Berbeda dengan Find X, NEX hanya menggunakan konsep pop-up camera pada kamera bagian depan saja. Kamera depan memiliki resolusi 8 MP dengan bukaan f/2.0. Sementara itu, kamera belakang alias kamera utama masih menggunakan cara konvensional soal penempatannya. Kamera belakangnya mengusung teknologi dual camera, 12 MP dan 5 MP, serta dilengkapi teknologi optical image stabilization (OIS).
Berbeda dengan Find X, NEX punya sensor sidik jari. Menariknya sensor tersebut ditempatkan di balik layar, berada di depan ponsel. Ini serupa dengan smartphone konsep Vivo bernama Apex.

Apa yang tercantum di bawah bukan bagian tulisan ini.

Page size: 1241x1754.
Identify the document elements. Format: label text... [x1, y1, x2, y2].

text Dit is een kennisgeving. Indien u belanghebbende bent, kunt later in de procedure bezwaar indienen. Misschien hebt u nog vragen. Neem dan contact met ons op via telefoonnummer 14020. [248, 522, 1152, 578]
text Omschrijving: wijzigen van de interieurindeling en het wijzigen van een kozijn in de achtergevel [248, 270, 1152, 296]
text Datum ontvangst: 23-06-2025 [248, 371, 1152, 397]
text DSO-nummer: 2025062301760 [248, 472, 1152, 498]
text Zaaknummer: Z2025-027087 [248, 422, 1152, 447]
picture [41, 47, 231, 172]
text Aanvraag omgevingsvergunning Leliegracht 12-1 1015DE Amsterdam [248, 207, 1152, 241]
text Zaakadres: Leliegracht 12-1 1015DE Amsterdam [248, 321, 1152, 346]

Penggunaan pop-up camera memang menarik dalam artian sebagai upaya variasi fitur ponsel pintar, tapi Vlad Savov, jurnalis The Verge, mengutip perkataan perancang Philippe Starck, mengatakan konsep pop-up dari sisi daya tahan komponen mekanik ponsel punya kelemahan “sebaik atau sehebat apapun, membuat produk memiliki ketahanan yang kurang.” Menurut Savov, Apple tetap berupaya menghilangkan unsur komponen mekanik dari segala lini produknya.
BBK Electronic
Kesamaan antara Find X dari OPPO dan NEX dari Vivo tak mengherankan. Kedua ponsel dan kedua perusahaan itu berada di bawah naungan perusahaan induk yang sama: BBK Electronics. Selain OPPO dan Vivo, OnePlus juga bagian dari BBK Electronics.

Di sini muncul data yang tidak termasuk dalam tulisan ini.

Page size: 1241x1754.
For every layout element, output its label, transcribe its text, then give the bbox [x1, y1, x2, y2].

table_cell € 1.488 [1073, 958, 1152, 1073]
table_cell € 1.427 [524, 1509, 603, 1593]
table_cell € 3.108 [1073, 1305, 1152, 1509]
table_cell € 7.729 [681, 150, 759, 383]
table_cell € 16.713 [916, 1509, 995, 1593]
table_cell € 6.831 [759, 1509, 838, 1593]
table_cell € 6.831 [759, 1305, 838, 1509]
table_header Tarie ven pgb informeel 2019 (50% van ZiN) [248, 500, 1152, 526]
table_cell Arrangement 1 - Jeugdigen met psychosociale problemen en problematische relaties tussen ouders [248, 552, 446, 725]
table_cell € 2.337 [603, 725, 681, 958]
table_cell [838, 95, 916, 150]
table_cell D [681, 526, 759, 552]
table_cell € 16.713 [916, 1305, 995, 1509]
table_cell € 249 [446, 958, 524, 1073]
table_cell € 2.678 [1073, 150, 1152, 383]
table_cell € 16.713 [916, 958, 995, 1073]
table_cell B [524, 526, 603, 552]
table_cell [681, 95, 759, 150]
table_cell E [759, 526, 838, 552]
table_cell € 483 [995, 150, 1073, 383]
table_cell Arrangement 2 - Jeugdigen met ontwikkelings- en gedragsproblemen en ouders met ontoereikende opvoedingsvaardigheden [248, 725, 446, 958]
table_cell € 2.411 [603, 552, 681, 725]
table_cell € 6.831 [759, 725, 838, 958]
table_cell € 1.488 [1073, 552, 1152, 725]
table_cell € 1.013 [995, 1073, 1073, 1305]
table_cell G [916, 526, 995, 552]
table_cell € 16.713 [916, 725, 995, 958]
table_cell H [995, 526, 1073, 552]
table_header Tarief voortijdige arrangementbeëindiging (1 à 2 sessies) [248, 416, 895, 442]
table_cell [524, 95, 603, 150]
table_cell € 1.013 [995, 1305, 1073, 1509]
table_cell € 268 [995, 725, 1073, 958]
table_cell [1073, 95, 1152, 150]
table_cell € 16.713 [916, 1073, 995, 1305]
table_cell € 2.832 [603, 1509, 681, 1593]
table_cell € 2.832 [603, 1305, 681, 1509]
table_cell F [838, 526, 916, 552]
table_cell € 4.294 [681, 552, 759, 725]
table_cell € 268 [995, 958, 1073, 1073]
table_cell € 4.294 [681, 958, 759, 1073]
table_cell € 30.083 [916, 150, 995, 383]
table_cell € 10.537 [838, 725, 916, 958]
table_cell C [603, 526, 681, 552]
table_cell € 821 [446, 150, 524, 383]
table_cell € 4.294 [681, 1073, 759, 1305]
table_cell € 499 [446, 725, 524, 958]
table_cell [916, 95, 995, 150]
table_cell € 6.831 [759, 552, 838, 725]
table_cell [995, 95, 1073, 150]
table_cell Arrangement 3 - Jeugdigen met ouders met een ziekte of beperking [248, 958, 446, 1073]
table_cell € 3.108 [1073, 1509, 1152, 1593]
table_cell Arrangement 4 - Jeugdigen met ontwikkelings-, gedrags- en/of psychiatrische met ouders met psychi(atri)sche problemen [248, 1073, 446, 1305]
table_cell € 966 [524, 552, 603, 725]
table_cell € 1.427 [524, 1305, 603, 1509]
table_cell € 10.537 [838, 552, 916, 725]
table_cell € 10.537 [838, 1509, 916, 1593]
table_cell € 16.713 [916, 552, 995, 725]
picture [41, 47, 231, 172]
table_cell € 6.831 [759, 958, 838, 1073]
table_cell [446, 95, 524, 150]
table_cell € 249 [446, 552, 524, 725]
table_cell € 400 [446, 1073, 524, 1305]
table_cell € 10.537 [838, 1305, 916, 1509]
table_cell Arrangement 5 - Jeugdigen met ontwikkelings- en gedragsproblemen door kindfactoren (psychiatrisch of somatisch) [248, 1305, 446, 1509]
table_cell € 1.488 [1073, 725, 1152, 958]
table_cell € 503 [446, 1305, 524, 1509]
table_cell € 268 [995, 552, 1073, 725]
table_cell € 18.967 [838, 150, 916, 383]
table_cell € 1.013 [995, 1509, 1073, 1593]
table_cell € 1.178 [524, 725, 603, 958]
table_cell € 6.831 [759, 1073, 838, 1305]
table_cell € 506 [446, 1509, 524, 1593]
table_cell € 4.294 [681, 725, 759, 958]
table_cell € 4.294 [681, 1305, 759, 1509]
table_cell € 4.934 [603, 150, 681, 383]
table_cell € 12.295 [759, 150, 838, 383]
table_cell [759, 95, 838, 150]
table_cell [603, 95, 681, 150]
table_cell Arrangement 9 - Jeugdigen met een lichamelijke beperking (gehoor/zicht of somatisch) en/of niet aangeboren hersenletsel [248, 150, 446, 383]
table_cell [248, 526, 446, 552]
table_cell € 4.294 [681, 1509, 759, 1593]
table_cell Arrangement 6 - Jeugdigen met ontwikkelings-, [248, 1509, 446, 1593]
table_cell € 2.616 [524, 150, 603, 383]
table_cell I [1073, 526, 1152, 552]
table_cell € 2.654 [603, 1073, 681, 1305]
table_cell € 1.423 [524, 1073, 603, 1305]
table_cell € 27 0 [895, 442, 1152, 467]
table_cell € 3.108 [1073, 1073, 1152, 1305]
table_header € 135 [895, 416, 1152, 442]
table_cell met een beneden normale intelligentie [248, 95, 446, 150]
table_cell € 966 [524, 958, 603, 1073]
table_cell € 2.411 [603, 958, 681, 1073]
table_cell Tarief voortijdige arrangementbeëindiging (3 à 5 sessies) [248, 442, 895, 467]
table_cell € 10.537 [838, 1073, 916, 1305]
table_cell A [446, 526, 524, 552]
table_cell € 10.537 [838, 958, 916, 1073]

Lawrence R. Sullivan, dalam buku berjudul “Historical Dictionary of The Chinese Economy” mengatakan BBK Electronics didirikan oleh Duan Yongping, pengusaha Cina kelahiran 1961. Yongping adalah lulusan Zhejiang University dengan mengambil jurusan teknik elektrik. Selepas lulus kuliah, Yongping bekerja di perusahaan elektronik kecil di Beijing. Ia pergi ke Guangdong untuk bekerja di SUBOR Educational Electronics Company. Di perusahaan itu, Yongping belajar banyak soal bisnis hingga teknis pengembangan perusahaan. Pada 1995, BBK berdiri, hanya sebagai perusahaan penyuplai DVD, telepon, dan peralatan audio.
Setelah hampir 23 tahun berdiri, BBK jadi salah satu perusahaan raksasa di dunia smartphone. Di kuartal I-2018, OPPO, masuk lima besar vendor paling banyak mengapalkan smartphone. Saat itu, OPPO memasarkan 23,9 juta smartphone. Pada periode yang sama setahun sebelumnya, bukan hanya OPPO yang masuk lima besar. Ada pula Vivo. Gabungan OPPO dan Vivo kala itu, menguasai 12,6 persen pengapalan smartphone di seluruh dunia, setara dengan 43,7 juta unit smartphone terkirim.
Di bawah naungan yang sama, antara OPPO, Vivo, dan OnePlus bekerja secara independen. Pete Lau, Chief Executive Officer OnePlus, pada FastCompany mengatakan bahwa “tidak ada penyatuan, strategi yang terpusat” antara anak-anak BBK. Semuanya, katanya dengan tegas, “bekerja secara independen.”
Strategi ini nampaknya sukses membuat OPPO, Vivo, dan OnePlus terlihat bukan sebagai kesatuan di depan khalayak umum. Bila jeli penggunaan teknologi seperti pop-up camera jadi tanda bahwa mereka berada dalam satu payung.